6 . The dosage form of claim 1 , wherein at least 80 wt % of the neuroleptic agent is released within the time period.
7 . The dosage form of claim 1 , wherein the dosage form comprises a therapeutically effective amount of the neuroleptic agent.
8 . The dosage form of claim 1 , wherein the neuroleptic agent in the dosage form is present in a range of about 0.01% to 80% of the dosage form by volume.
9 . The dosage form of claim 1 , characterized by an erosion rate (ER) to dissolution rate (DR) ratio of approximately 1.1:1 to 5:1, wherein ER is the rate of the neuroleptic agent release in an aqueous medium measured using an in vitro disintegration test, and DR is the rate of the neuroleptic agent release in an aqueous medium measured using an in vitro dissolution test.
10 . The dosage form of claim 1 , wherein the dosage form characterized by an ER to DR ratio of approximately 1.2:1 to approximately 3:1.
11 . The dosage form of claim 1 , wherein the dosage form is characterized by an ER to DR ratio of approximately 1.3:1 to approximately 2:1.
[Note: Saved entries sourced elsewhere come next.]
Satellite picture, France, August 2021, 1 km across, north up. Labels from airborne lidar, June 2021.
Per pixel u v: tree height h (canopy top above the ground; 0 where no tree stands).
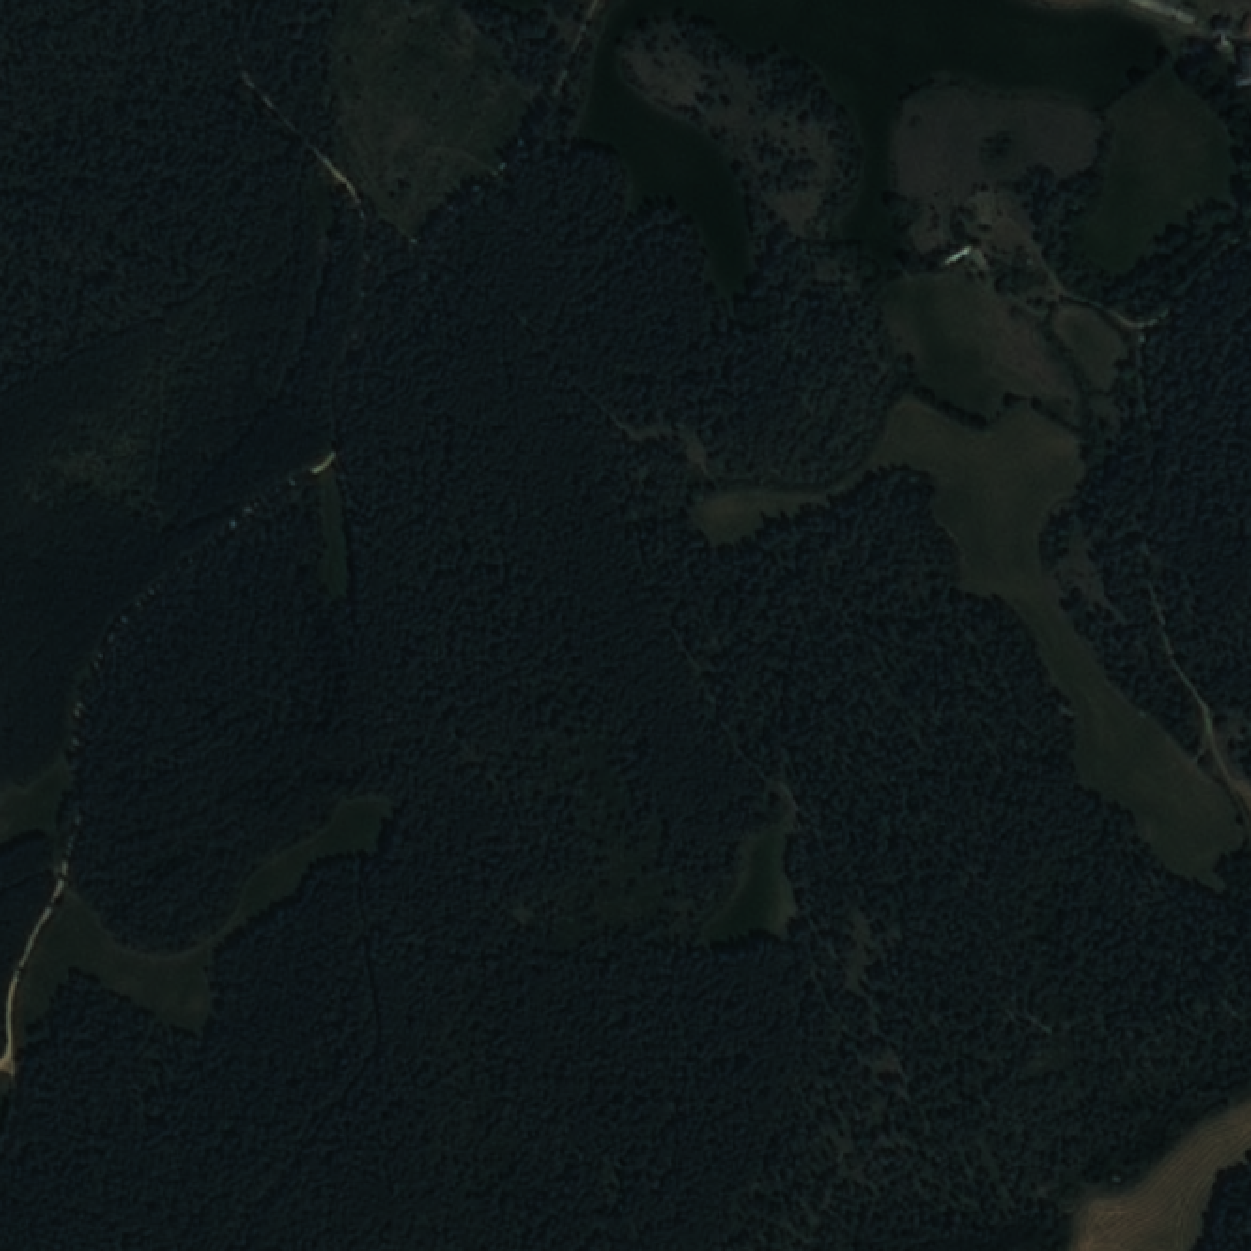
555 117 21
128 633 14
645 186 0
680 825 16
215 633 14
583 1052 14
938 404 12
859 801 15
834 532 12
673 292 22
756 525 0
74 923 0
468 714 12
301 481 10
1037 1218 11
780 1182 19
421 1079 16
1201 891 15
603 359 18
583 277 20
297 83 13
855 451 10
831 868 17
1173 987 20
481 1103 6
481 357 18
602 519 18
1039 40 0
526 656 15
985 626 18
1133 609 19
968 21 0
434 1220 13
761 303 15
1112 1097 20
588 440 18
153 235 19
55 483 10
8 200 19
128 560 14
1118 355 0
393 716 16
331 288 12
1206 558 14
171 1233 14
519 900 12
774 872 0
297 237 12
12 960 11
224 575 14
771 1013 17
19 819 0
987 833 14
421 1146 19
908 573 15
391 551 17
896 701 22
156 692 14
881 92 0
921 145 0
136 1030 12
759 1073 17
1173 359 8
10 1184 11
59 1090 12
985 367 0
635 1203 16
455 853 16
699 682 18
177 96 25
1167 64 11
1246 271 15
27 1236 10
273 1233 15
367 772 16
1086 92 0
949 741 15
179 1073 16
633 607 19
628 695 21
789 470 9
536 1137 13
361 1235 15
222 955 12
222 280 9
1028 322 0
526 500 18
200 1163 11
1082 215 19
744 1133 12
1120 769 0
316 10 11
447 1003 15
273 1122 11
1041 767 18
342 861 10
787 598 18
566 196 20
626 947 14
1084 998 12
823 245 8
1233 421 17
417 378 18
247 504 10
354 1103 12
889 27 0
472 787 14
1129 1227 0
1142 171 0
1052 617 0
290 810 14
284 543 18
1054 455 0
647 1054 14
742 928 0
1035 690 19
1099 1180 13
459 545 17
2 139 21
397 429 17
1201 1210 0
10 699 12
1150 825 0
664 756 18
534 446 19
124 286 16
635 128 0
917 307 0
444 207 0
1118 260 0
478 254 24
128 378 10
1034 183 9
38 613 11
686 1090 17
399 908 16
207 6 18
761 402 17
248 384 14
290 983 15
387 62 0
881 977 16
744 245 0
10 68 16
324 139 9
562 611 17
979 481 0
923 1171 20
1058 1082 15
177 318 11
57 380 12
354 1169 18
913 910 18
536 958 11
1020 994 10
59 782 0
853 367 12
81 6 17
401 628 18
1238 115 15
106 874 19
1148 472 16
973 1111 12
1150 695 15
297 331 13
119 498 7

12 . The dosage form of claim 1 , wherein the dosage form is characterized by an ER to DR ratio of approximately 1.5:1 to approximately 2:1.
13 . The dosage form of claim 1 , wherein the dosage form comprises a second active agent.
14 . A dosage form comprising:
a polymer matrix and quetiapine or pharmaceutically acceptable salt thereof dispersed in the polymer matrix, the polymer matrix comprised of a hydrophilic polymer, wherein the polymer matrix: (a) upon imbibition of water swells unrestrained dimensionally to a size effective to promote gastric retention for a time period of about 2 to 12 hours, and (b) maintains the size for the time period before the size is diminished by erosion, wherein at least 75 wt % of the quetiapine in the dosage form is released by erosion of the polymer matrix within the time period.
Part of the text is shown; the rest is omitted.